The following essay is valuable not only because of its content—which is first rate. It is also worthwhile for the insight it gives us into Fred's amazing, forceful personality.
by Fred Fixler (edited by Norm Nason)
© 1987 Fred Fixler & Norm Nason. All rights reserved. This text may be freely copied for instructional purposes, but not reproduced for profit.
To begin with, I don't want you people to do anything with edges in your portraits. I want you to start out with the poster look, and work for that without smoothing anything out. I don't like smoothed-out color.
Who can say what color flesh is. It can be any color in the value area of 8 on a scale of 1 to 10, with 1 being black and 10 being white. Flesh is a grayed color, not a pure color. It can be green, it can be blue, it can be anything accept a vivid color. For example, if flesh looks gray-blue, it must be a moonlite scene. There is no such thing as a flesh tone.
The first thing I have to teach you is how to take such a flesh tone and go from its lightest light to its darkest dark. Now, I don't mean the colors that come out of the tube, I mean the color that you're using as a flesh tone. As an exercise, take some color from the palette. Mix a "flesh" color, a grayed color of some kind. Then learn to do value studies, taking that color from light to dark in ten equal steps.
As I said, don't use colors straight from the tube. Those are pure colors that you use to mix with. Never use them straight from the tube. Nothing is that color, anyway. Look around the room. Do you see anything that isn't some form of grayed color? Nothing is pure tone. Everything in the room is a grayed version of one color or another. If you never learned anything else in this course—if you left right now—you would have gotten your money's worth knowing that there are no pure colors anywhere.
Sometimes, in commercial work, you'll have a client who says that they want their package to stand out, that it's pure red. So you paint it pure red because they want it that way and againt the other grayed colors. It stands out like a sore thumb, but that's the only incident where such a thing would be done.
Now I know that you're all straining at the bit to get to the portrait work, to do Aunt Minney's portrait. But people, you have to first learn to take a color and find its darkest value through its lightest value. You must do that as an exercise many times over before you can ever handle the portrait work. Really learn to do that. I know you're all going to argue that a shadow doesn't really go that dark, that it is influenced by reflections and bounce lighting and all that. But that's not what we're talking about here.
Contrary to any belief, you do not make a color lighter by simply adding white. That's the last way to do it. The simplest way to prove it is to take a color and add white to it, then mix more white to it. As you continue to do that it becomes whiter, yes. But it shifts into a cool color. All colors, when white is added, become cooler. You have to compensate for the effect of white and warm the color up with a little yellow or some other light-warm color. Yellow itself is sometimes toolight, so you might start with a grayed yellow, to kill the blue. Try yellow ochre.
As I have said, there are no flesh tones. Flesh can be any color: greenish, bluish, reddish, etc. Faces are many colors, in all areas. When you're making value studies from 1 to 10, start with a grayed color and make a consistent value change all the way down the line. If the jump from one value to the other is equal to one half of a tone, then they all have to be oen half of a tone. They must all be the same chroma, and the same hue.
Say we have a tan color (tan is the hue). It's from the yellow family and it's value is from that family. Say it is approximately the eighth value. The chroma is also from the yellow family. Because this is our point of departure, it is the highest intesity of this particular chroma. When you add gray, it becomes very low in chroma, barely identifiable as a color. It's a warm, yellowish color, but very low in chroma. You have to understand these properties of color. Whatever color you pick, all the colors in your value studies must have the same intensity. They must have the same hue, the same chroma, and vary only in value. Say we have a hue of yellow green. You must keep it yellow green, keep the same chroma (the amount of yellow and green). Only vary the value, from lightest to darkest.

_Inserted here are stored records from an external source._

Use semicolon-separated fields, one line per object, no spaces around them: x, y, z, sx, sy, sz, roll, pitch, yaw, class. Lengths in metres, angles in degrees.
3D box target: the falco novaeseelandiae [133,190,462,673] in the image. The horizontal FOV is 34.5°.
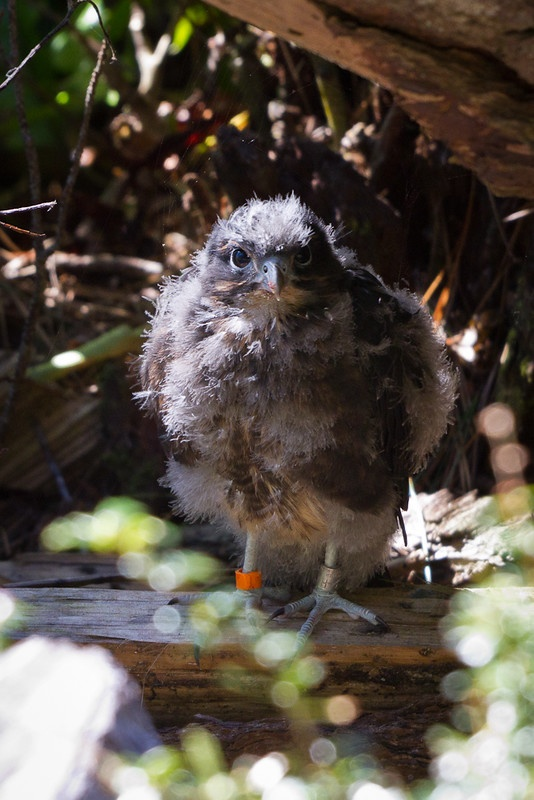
0.043;-0.003;2.231;0.975;1.165;0.554;0;7;-2;falco novaeseelandiae
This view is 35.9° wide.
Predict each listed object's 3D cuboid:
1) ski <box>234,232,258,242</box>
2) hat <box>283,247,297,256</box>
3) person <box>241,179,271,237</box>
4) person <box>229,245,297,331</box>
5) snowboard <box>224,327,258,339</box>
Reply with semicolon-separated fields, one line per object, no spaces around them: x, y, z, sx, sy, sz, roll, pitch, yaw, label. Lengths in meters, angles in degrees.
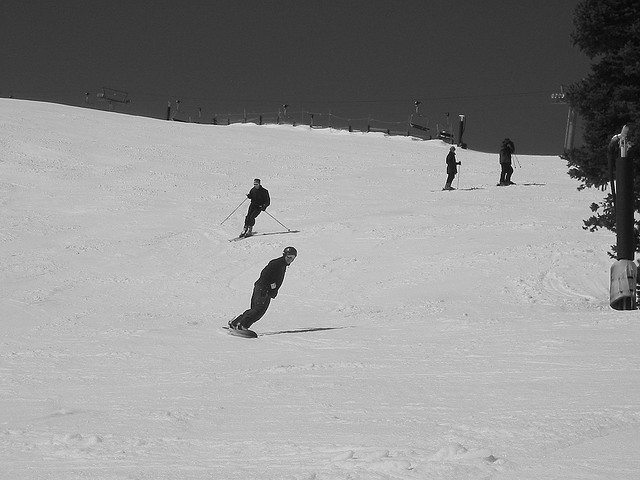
-2.234;-0.096;30.286;0.191;0.075;1.292;23;16;21;ski
-0.576;0.216;18.979;0.220;0.144;0.148;-12;0;-5;hat
-1.976;-0.982;30.768;0.744;1.621;1.304;7;-2;-4;person
-1.111;0.954;19.195;1.031;1.479;0.783;6;-2;-6;person
-1.535;1.790;18.875;0.710;0.157;0.135;3;-24;32;snowboard
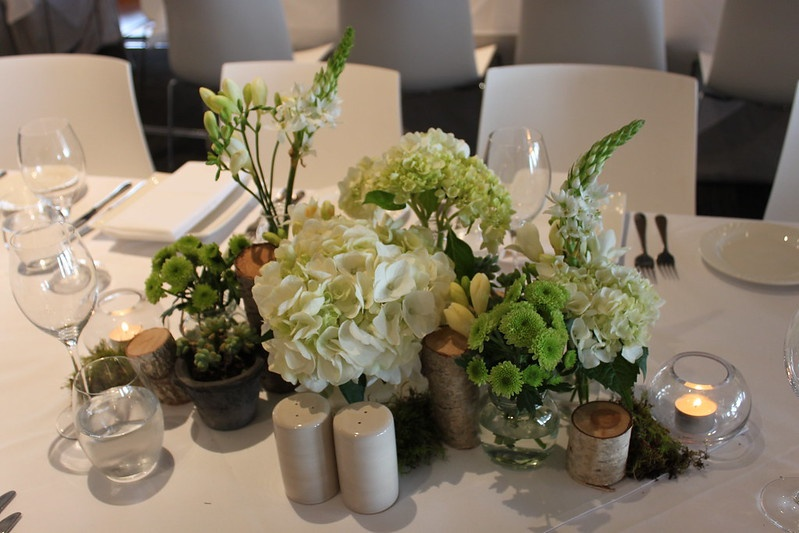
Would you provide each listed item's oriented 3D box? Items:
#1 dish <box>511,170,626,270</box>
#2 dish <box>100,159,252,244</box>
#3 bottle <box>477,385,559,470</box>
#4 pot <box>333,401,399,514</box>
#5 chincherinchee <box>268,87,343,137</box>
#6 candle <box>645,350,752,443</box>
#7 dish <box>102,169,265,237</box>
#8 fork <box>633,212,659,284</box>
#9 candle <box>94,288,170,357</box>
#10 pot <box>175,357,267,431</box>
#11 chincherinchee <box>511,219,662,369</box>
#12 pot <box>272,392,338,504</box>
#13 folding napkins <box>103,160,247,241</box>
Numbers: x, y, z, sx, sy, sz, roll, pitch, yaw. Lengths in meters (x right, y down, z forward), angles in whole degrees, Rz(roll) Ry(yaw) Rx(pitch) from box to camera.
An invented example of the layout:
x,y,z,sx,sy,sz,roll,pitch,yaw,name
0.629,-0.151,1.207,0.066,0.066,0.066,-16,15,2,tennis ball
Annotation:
x,y,z,sx,sy,sz,roll,pitch,yaw,name
0.238,-0.063,0.940,0.135,0.151,0.113,-20,0,31,dish
-0.550,-0.116,1.526,0.225,0.080,0.312,16,49,35,dish
0.197,0.257,1.007,0.113,0.123,0.120,-1,25,6,bottle
-0.053,0.296,0.945,0.088,0.153,0.095,-3,24,1,pot
-0.157,-0.262,1.018,0.112,0.076,0.069,-7,30,-4,chincherinchee
0.489,0.215,0.989,0.136,0.107,0.153,-4,44,19,candle
-0.560,-0.154,1.501,0.199,0.069,0.276,15,44,34,dish
0.530,-0.037,1.323,0.034,0.024,0.204,1,48,5,fork
-0.498,0.101,1.148,0.111,0.118,0.117,1,11,-1,candle
-0.297,0.206,0.998,0.121,0.096,0.128,-3,21,1,pot
0.291,0.051,0.901,0.186,0.164,0.122,8,32,22,chincherinchee
-0.143,0.282,0.924,0.096,0.170,0.097,-1,24,0,pot
-0.554,-0.109,1.538,0.223,0.077,0.309,15,47,34,folding napkins
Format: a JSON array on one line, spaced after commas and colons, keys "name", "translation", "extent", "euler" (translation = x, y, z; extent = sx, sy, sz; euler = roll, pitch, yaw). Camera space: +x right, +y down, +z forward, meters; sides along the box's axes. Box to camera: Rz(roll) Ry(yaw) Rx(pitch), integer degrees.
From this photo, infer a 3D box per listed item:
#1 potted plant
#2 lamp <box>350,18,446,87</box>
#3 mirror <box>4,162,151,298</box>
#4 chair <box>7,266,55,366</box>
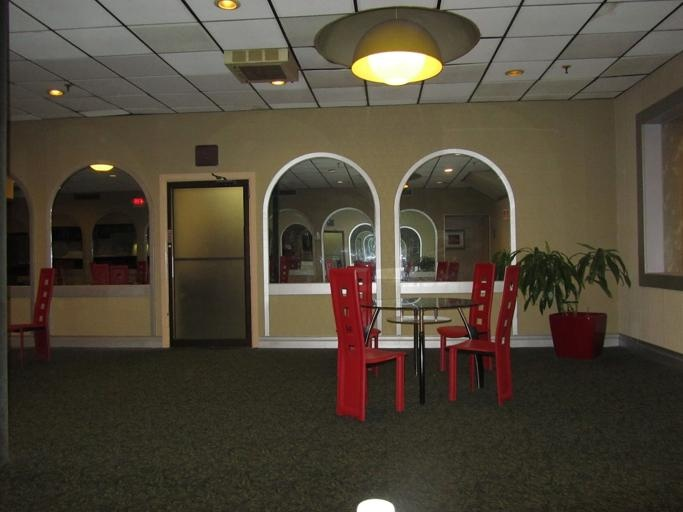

In mixing, if you find you have too much chroma, you can reduce it by ading it's compliment or by adding one of the shades of gray we have in our palette. That brings the chroma back into line. Remember, in gouache painting our colors are going to dry a little lighter than they appear when wet.
If you learn to do value studies—practice this patiently, tenaciously—it will greatly facilitate your portrait work. You have to get this first. Really work on it so it becomes second nature.
When you have one of these grayed colors, and you need to cool it, look around for a dirty cool to do it with. Don't go to a pure color, for that will botch things up. And don't make a spectrum that goes from a cool light to a warmer dark. Keep the spectrum all cool, or all warm, consistently throughout the 10 colors you put down. Don't start with a color that is too gray, or too dark.
Learn to do this and your painting will improve one thousand percent, I'll guarantee you. Learn to understand value and progression. For instance, the color on the shadow side of a red box is still red. It doesn't change just because it's in the shadow. In neutral light you'll see that the shadow side of the box is indeed red. Of course, it would be nice to be able to use the Impressionist's colors: reflected light, fill light. But first you have to learn to handle the progression of values.